**EXERCISE**: Check every line of the material below for the string "percussion". State how many lines have it.

**INFORMATION SHOWN**:
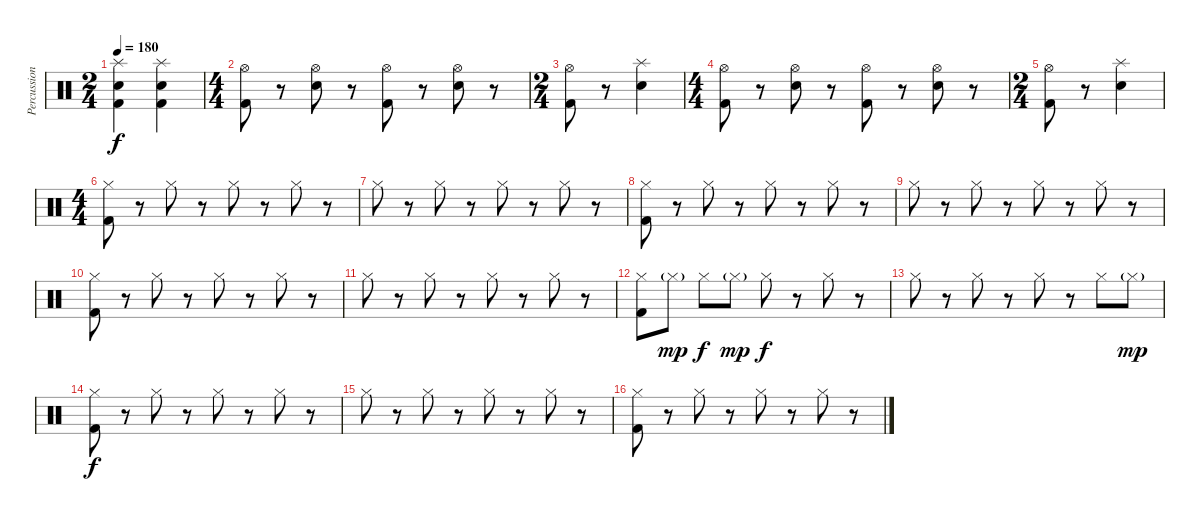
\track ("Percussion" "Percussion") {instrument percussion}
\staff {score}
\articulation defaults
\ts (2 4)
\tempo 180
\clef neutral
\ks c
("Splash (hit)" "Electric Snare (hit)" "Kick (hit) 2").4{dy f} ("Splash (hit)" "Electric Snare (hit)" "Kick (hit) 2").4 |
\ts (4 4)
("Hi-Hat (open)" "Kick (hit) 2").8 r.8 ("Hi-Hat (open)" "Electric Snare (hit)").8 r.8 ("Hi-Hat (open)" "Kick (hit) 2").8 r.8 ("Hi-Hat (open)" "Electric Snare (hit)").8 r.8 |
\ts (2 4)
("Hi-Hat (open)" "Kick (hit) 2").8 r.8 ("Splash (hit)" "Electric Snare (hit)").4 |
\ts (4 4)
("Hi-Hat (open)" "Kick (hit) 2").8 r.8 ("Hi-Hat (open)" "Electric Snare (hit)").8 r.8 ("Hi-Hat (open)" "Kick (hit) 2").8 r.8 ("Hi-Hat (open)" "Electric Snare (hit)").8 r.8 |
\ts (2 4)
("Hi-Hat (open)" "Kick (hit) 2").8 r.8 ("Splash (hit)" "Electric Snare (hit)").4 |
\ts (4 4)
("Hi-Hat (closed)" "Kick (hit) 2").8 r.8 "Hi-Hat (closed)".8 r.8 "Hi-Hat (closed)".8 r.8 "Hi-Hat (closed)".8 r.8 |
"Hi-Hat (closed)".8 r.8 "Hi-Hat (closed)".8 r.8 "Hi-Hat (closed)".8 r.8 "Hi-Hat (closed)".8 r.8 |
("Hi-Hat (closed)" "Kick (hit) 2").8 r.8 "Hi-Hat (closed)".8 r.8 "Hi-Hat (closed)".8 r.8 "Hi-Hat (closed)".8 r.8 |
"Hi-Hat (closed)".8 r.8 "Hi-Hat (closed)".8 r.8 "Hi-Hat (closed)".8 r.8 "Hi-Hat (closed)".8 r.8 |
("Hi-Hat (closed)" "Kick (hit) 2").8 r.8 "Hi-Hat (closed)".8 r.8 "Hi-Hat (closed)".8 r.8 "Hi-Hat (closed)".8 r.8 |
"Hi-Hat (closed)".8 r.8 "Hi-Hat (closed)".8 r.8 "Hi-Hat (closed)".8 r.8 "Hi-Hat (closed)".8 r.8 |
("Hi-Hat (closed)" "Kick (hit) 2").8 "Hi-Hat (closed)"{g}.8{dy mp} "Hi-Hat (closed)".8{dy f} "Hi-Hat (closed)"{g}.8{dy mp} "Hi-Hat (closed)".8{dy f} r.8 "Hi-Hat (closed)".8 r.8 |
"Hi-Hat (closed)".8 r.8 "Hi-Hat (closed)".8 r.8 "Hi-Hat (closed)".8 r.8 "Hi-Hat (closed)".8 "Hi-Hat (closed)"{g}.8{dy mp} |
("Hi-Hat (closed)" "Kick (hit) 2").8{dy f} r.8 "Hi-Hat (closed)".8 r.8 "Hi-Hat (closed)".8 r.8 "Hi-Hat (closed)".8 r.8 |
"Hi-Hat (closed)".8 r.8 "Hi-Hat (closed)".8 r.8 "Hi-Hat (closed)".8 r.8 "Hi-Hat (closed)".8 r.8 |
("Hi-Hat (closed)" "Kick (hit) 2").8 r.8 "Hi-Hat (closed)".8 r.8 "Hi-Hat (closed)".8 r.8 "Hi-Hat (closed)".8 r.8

--

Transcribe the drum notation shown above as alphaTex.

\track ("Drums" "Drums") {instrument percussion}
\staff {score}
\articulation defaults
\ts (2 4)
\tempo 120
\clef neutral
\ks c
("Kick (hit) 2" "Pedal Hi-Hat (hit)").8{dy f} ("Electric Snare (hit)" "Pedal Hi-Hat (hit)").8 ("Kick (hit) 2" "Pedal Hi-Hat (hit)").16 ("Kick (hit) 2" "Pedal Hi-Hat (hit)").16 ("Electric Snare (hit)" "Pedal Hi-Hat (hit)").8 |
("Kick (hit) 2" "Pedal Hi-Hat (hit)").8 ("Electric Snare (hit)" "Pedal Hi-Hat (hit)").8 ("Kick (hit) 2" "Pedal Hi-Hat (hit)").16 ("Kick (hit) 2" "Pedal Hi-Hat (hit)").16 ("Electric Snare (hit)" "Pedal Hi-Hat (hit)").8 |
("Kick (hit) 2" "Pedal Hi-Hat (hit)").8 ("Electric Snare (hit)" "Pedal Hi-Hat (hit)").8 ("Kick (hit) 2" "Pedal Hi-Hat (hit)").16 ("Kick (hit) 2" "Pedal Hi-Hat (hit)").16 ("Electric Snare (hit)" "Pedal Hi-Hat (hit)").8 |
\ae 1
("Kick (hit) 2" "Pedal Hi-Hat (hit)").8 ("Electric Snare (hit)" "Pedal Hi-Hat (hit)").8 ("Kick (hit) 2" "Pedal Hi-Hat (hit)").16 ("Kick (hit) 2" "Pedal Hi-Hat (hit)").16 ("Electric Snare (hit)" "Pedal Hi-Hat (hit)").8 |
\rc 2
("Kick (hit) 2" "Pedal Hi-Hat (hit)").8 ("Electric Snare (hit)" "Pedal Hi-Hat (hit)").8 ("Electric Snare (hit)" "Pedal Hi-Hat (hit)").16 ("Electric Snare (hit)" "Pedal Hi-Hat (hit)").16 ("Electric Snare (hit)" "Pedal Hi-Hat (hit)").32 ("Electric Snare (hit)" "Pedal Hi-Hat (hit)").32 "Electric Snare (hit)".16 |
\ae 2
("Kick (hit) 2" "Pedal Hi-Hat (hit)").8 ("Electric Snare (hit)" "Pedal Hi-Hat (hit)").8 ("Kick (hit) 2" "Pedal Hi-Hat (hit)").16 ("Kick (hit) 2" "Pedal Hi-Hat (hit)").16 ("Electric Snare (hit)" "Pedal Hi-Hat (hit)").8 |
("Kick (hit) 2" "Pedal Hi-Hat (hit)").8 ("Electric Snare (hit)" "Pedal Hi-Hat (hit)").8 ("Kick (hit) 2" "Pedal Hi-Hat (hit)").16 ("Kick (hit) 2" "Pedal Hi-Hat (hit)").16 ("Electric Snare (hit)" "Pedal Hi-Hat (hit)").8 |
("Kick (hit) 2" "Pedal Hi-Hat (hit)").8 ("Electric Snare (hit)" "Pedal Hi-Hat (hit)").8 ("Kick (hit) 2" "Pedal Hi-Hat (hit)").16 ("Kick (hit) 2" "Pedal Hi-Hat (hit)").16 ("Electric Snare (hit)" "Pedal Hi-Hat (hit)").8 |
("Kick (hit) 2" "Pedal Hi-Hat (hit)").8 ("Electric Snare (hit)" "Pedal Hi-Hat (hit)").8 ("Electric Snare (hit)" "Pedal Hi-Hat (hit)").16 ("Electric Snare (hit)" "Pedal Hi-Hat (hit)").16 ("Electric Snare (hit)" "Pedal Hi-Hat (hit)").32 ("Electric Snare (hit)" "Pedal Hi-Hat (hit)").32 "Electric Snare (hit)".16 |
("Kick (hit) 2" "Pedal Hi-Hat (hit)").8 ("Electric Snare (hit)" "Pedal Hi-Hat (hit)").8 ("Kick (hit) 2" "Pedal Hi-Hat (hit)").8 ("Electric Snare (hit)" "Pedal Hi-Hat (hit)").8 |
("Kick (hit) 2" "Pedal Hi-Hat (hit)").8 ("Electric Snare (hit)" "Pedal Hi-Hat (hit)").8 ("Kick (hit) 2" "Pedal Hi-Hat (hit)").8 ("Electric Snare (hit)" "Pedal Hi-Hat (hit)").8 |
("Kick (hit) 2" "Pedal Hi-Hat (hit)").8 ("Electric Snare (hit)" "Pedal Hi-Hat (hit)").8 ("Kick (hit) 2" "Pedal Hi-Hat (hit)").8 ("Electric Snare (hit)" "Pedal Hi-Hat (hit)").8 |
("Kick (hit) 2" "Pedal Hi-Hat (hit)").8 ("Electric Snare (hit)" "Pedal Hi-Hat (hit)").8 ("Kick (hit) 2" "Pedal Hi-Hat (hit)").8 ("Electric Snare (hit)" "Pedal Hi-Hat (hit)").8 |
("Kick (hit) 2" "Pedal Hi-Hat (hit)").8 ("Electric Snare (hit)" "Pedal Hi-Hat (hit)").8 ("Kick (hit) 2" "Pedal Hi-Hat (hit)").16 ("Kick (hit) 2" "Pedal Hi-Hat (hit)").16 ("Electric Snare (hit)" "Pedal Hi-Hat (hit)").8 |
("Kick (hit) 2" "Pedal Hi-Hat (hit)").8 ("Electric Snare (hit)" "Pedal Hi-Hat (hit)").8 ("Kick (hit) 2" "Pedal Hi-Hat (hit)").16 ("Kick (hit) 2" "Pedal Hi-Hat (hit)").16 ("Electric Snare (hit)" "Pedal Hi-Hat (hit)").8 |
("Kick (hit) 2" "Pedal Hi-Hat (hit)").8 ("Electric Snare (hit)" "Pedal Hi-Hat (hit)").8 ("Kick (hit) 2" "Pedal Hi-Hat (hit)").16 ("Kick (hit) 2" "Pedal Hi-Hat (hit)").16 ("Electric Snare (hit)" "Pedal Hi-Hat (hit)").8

**EXERCISE ANSWER**: 2